We have more and more senior engineers who want to use Prisma, as they just
realized that writing SQL by hand is a waste of time.

Let's be honest - learning SQL is still a great skill. Data analytics etc -
there are great use-cases.

But if you want to get stuff done and scale your team when building an
_application_ - you should have a data layer.

That's what Facebook, Lyft, Airbnb etc did - they have a dedicated data layer
and a team working on that. Do you think an application engineer at Facebook
writes SQL? No. Of course not, it would be a total waste of time to let them
touch such a low level. It would not allow facebook to scale to where they
are, if everyone would write direct SQL.

Now the thing is, most small teams don't have the capacity to write a really
performant awesome data layer with caching, deduping etc.

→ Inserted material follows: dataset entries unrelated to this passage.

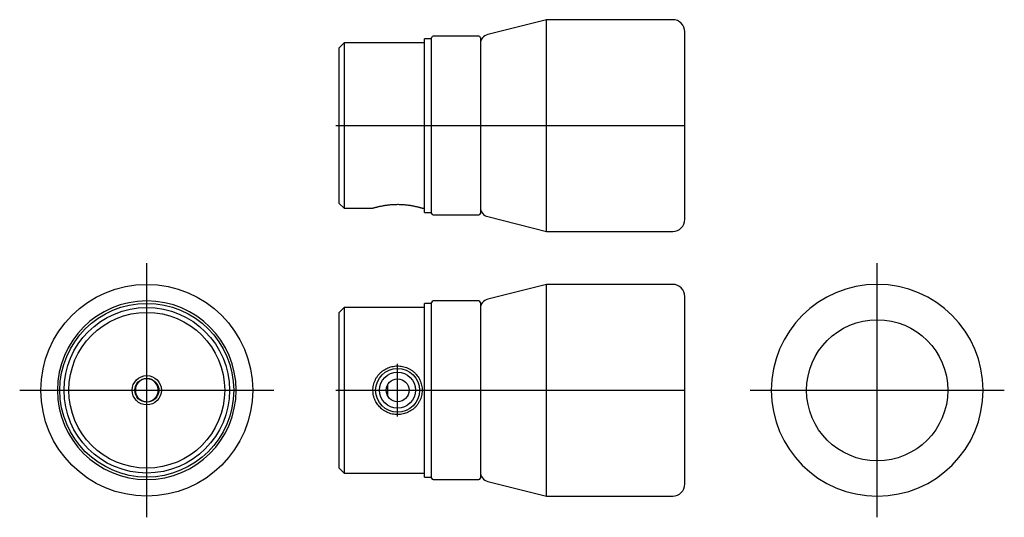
# Model space of a CAD drawing. Extents: x -85 to 118, y -26 to 76.
import ezdxf

# ---------------------------------------------------------------- set-up
doc = ezdxf.new("R2010")
doc.units = 0
doc.layers.get('0').update_dxf_attribs({"linetype": 'CONTINUOUS'})

# ---------------------------------------------------------------- blocks, each defined once
blk = doc.blocks.new('RBP035TCA-TV')
at = {"color": 7, "linetype": 'CONTINUOUS'}
for p, q in [((23.552705, 21.75), (11.510558, 18.710616)), ((49.5, 21.75), (23.552705, 21.75)), ((23.552705, 0), (23.552705, 21.75)), ((9.7, 18.35), (0.3, 18.35)), ((52, 0), (52, 19.25)), ((-18, 17), (-19, 16)), ((-1.5, 17), (-18, 17)), ((-18, 17), (-18, 0)), ((-1.5, 0), (-1.5, 17.85)), ((0, 17.85), (-1.5, 17.85)), ((0, -18.05), (0, 18.05)), ((10, 18.05), (10, -18.05)), ((-19, 0), (-19, 16)), ((-19, -16), (-19, 0)), ((-18, 0), (-18, -17)), ((-1.5, -17.85), (-1.5, 0)), ((23.552705, -21.75), (23.552705, 0)), ((52, -19.25), (52, 0)), ((-19, -16), (-18, -17)), ((-18, -17), (-12.048582, -17)), ((-1.952643, -17), (-1.5, -17)), ((-1.5, -17.85), (0, -17.85)), ((0.3, -18.35), (9.7, -18.35)), ((11.510558, -18.710616), (23.552705, -21.75)), ((23.552705, -21.75), (49.5, -21.75))]:
    blk.add_line(p, q, dxfattribs=at)
at = {"color": 2, "linetype": 'CONTINUOUS'}
for p, q in [((-19.65, 0), (0.15, 0)), ((-1.65, 0), (0.15, 0)), ((-0.64, 0), (10.64, 0)), ((10.306343, 0), (24.75692, 0)), ((20.957976, 0), (52.094729, 0))]:
    blk.add_line(p, q, dxfattribs=at)
at = {"color": 7, "linetype": 'CONTINUOUS'}
for centre, radius, start, end in [((49.5, 19.25), 2.5, 0, 90), ((0.3, 18.05), 0.3, 90, 180), ((9.7, 18.05), 0.3, 360, 90), ((12, 16.771429), 2, 104.165351, 180), ((0.3, -18.05), 0.3, 180, 270), ((9.7, -18.05), 0.3, 270, 0), ((12, -16.771429), 2, 180, 255.834649), ((49.5, -19.25), 2.5, 270, 0)]:
    blk.add_arc(centre, radius, start, end, dxfattribs=at)
at = {"color": 7, "linetype": 'CONTINUOUS', "start_tangent": (-0.9601271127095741, 0.2795638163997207), "end_tangent": (-0.9585977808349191, -0.2847635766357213)}
blk.add_spline([(-1.9481294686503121, -16.999999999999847), (-1.9541217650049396, -16.99825599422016), (-1.9895963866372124, -16.987963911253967), (-2.0565441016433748, -16.96874018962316), (-2.157773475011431, -16.940109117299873), (-2.290813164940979, -16.903324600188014), (-2.4507571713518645, -16.86034861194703), (-2.6388679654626, -16.811580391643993), (-2.859998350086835, -16.756714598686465), (-3.1078503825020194, -16.698419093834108), (-3.3850024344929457, -16.63728007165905), (-3.6861533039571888, -16.575736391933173), (-4.018695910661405, -16.51377581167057), (-4.372408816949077, -16.454829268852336), (-4.743805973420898, -16.40077341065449), (-5.131510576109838, -16.35294644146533), (-5.54533717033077, -16.311736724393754), (-5.970635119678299, -16.27997489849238), (-6.381994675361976, -16.259600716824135), (-6.797833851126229, -16.249308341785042), (-7.227960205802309, -16.249665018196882), (-7.65632450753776, -16.26105194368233), (-8.056662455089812, -16.28170327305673), (-8.449789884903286, -16.311292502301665), (-8.843726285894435, -16.350207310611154), (-9.224678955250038, -16.396544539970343), (-9.586084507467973, -16.448396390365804), (-9.930151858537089, -16.50479868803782), (-10.263310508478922, -16.56591769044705), (-10.57383311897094, -16.628563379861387), (-10.860319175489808, -16.691180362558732), (-11.120080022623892, -16.751904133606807), (-11.357566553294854, -16.810671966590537), (-11.562863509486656, -16.86395743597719), (-11.728018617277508, -16.90846953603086), (-11.860450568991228, -16.94522780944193), (-11.961402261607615, -16.97386339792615), (-12.02526032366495, -16.992269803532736), (-12.050606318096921, -16.99962484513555), (-12.051870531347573, -16.999999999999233)], degree=3, dxfattribs=at)
blk = doc.blocks.new('RBP035TCA-RV')
at = {"color": 2, "linetype": 'CONTINUOUS'}
for p, q in [((0, -26.1), (0, 26.1)), ((-26.1, 0), (26.1, 0))]:
    blk.add_line(p, q, dxfattribs=at)
at = {"color": 7, "linetype": 'CONTINUOUS'}
blk.add_circle((0, 0), 14.5, dxfattribs=at)
for start, end in [(90, 270), (270, 90)]:
    blk.add_arc((0, 0), 21.75, start, end, dxfattribs=at)
blk = doc.blocks.new('RBP035TCA-LV')
at = {"color": 2, "linetype": 'CONTINUOUS'}
for p, q in [((0, -26.1), (0, 26.1)), ((0, -26.1), (0, 26.1)), ((0, -22.02), (0, 22.02)), ((0, -21.42), (0, 21.42)), ((0, -20.4), (0, 20.4)), ((0, -3.6), (0, 3.6)), ((-26.1, 0), (26.1, 0)), ((-26.1, 0), (26.1, 0)), ((-22.02, 0), (22.02, 0)), ((-21.42, 0), (21.42, 0)), ((-20.4, 0), (20.4, 0)), ((-3.6, 0), (3.6, 0))]:
    blk.add_line(p, q, dxfattribs=at)
at = {"color": 7, "linetype": 'CONTINUOUS'}
for radius in [21.75, 17.85, 17, 16, 2.459]:
    blk.add_circle((0, 0), radius, dxfattribs=at)
at = {"color": 2, "linetype": 'CONTINUOUS'}
blk.add_circle((0, 0), 3, dxfattribs=at)
at = {"color": 7, "linetype": 'CONTINUOUS'}
for radius, start, end in [(18.35, 90, 270), (18.35, 270, 90), (2.35, 32.852377, 327.147623), (2.35, 327.777816, 32.275816)]:
    blk.add_arc((0, 0), radius, start, end, dxfattribs=at)
at = {"color": 7, "linetype": 'CONTINUOUS', "start_tangent": (0.7391606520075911, 0.6735291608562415), "end_tangent": (-0.7389784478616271, 0.6737290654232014)}
blk.add_spline([(1.9741669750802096, -1.2748194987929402), (2.1939257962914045, -1.0383643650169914), (2.3741030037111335, -0.7625702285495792), (2.4699691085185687, -0.5463477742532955), (2.5352897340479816, -0.3147995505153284), (2.565119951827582, -0.0713527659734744), (2.5572955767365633, 0.17449403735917), (2.5175178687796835, 0.3919911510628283), (2.4498024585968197, 0.5995175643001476), (2.3229451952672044, 0.8525088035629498), (2.161923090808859, 1.0780455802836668), (1.9741669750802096, 1.2748194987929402)], degree=3, dxfattribs=at)
blk = doc.blocks.new('RBP035TCA-FV')
at = {"color": 7, "linetype": 'CONTINUOUS'}
for p, q in [((23.552705, 21.75), (11.510558, 18.710616)), ((49.5, 21.75), (23.552705, 21.75)), ((23.552705, -21.75), (23.552705, 21.75)), ((9.7, 18.35), (0.3, 18.35)), ((52, -19.25), (52, 19.25)), ((-18, 17), (-19, 16)), ((-18, 17), (-18, -17)), ((-1.5, 17), (-18, 17)), ((0, 17.85), (-1.5, 17.85)), ((-1.5, -17.85), (-1.5, 17.85)), ((0, -18.05), (0, 18.05)), ((10, 18.05), (10, -18.05)), ((-19, -16), (-19, 16)), ((-8.974167, -1.274819), (-8.974167, 1.274819)), ((-19, -16), (-18, -17)), ((-18, -17), (-1.5, -17)), ((-1.5, -17.85), (0, -17.85)), ((0.3, -18.35), (9.7, -18.35)), ((11.510558, -18.710616), (23.552705, -21.75)), ((23.552705, -21.75), (49.5, -21.75))]:
    blk.add_line(p, q, dxfattribs=at)
at = {"color": 2, "linetype": 'CONTINUOUS'}
for p, q in [((-7, -5.4), (-7, 5.4)), ((-19.65, 0), (0.15, 0)), ((-12.4, 0), (-1.6, 0)), ((-1.65, 0), (0.15, 0)), ((-0.64, 0), (10.64, 0)), ((10.306343, 0), (24.75692, 0)), ((20.957976, 0), (52.094729, 0))]:
    blk.add_line(p, q, dxfattribs=at)
at = {"color": 7, "linetype": 'CONTINUOUS'}
for radius in [4.5, 3.7, 2.35]:
    blk.add_circle((-7, 0), radius, dxfattribs=at)
for centre, radius, start, end in [((49.5, 19.25), 2.5, 0, 90), ((0.3, 18.05), 0.3, 90, 180), ((9.7, 18.05), 0.3, 360, 90), ((12, 16.771429), 2, 104.165351, 180), ((0.3, -18.05), 0.3, 180, 270), ((9.7, -18.05), 0.3, 270, 0), ((12, -16.771429), 2, 180, 255.834649), ((49.5, -19.25), 2.5, 270, 0)]:
    blk.add_arc(centre, radius, start, end, dxfattribs=at)
at = {"color": 7, "linetype": 'CONTINUOUS', "start_tangent": (0.7517425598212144, -0.6594566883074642), "end_tangent": (0.7517425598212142, -0.6594566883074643)}
blk.add_spline([(-10.351405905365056, -3.741623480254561), (-9.907557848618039, -4.08866970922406), (-9.425737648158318, -4.385661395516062), (-8.914489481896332, -4.627172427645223), (-8.377220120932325, -4.810227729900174), (-7.819907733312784, -4.933292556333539), (-7.253463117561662, -4.993705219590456), (-6.69840465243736, -4.990677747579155), (-6.145438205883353, -4.927557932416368), (-5.605084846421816, -4.805684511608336), (-5.0871384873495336, -4.627473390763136), (-4.590909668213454, -4.394669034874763), (-4.124832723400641, -4.111479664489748), (-3.680438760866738, -3.768876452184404), (-3.275734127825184, -3.3781676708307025), (-2.917916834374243, -2.9460198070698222), (-2.6062332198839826, -2.4670874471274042), (-2.349773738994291, -1.9529499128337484), (-2.154107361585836, -1.4134047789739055), (-2.0258199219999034, -0.8710132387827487), (-1.958624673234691, -0.3149568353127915), (-1.9541217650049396, 0.2435018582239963), (-2.0098868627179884, 0.7771156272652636), (-2.122925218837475, 1.3026256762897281), (-2.290813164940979, 1.8104191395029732), (-2.5136696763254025, 2.298338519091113), (-2.7876820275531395, 2.7599996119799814), (-3.1078503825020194, 3.1879146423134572), (-3.4880919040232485, 3.594080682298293), (-3.9120549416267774, 3.9570460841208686), (-4.372408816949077, 4.270666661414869), (-4.878777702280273, 4.537562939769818), (-5.414927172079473, 4.747157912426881), (-5.970635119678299, 4.895142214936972), (-6.528172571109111, 4.977710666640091), (-7.093806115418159, 4.998698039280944), (-7.65632450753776, 4.957639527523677), (-8.195373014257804, 4.8576905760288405), (-8.721272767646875, 4.700539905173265), (-9.224678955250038, 4.489245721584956), (-9.708477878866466, 4.220501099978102), (-10.160748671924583, 3.9003422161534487), (-10.57383311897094, 3.5342438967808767), (-10.954536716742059, 3.111168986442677), (-11.286398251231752, 2.645766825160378), (-11.562863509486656, 2.146378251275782), (-11.778160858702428, 1.6222753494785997), (-11.933507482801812, 1.0740085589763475), (-12.02526032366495, 0.5126079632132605), (-12.051344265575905, -0.0314303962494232), (-12.017720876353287, -0.576835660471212), (-11.925160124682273, -1.113004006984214), (-11.777256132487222, -1.6252822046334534), (-11.575386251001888, -2.1193030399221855), (-11.323498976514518, -2.5866912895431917), (-11.038712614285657, -3.0036312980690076), (-10.713062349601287, -3.390392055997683), (-10.351405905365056, -3.741623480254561)], degree=3, dxfattribs=at)

msp = doc.modelspace()

# ---------------------------------------------------------------- block references
at = {"linetype": 'ByBlock'}
for name, p in [('RBP035TCA-TV', (0, 54.375)), ('RBP035TCA-LV', (-58.5, 0)), ('RBP035TCA-RV', (91.5, 0)), ('RBP035TCA-FV', (0, 0))]:
    msp.add_blockref(name, p, dxfattribs=at)

doc.saveas('drawing.dxf')

That's where Prisma comes into play - Prisma gives the weekend producthunt
warriors, but also the enterprise teams (like Tryg) a way to abstract away the
database.

But it's just a library you say? That's true. So in that sense, Prisma is not
really a "layer", a different component in your architecture that you can
horizontally scale.

For that - stay tuned. The "client" part can already easily be separated from
the "query engine" part (which btw is written in Rust) because they speak
http. But step by step. For most people, being able to install an npm
dependency is the most important part here. But one thing you can already get
used to - Prisma will stick around and _not_ just be a thing that new
engineers who don't feel like SQL use.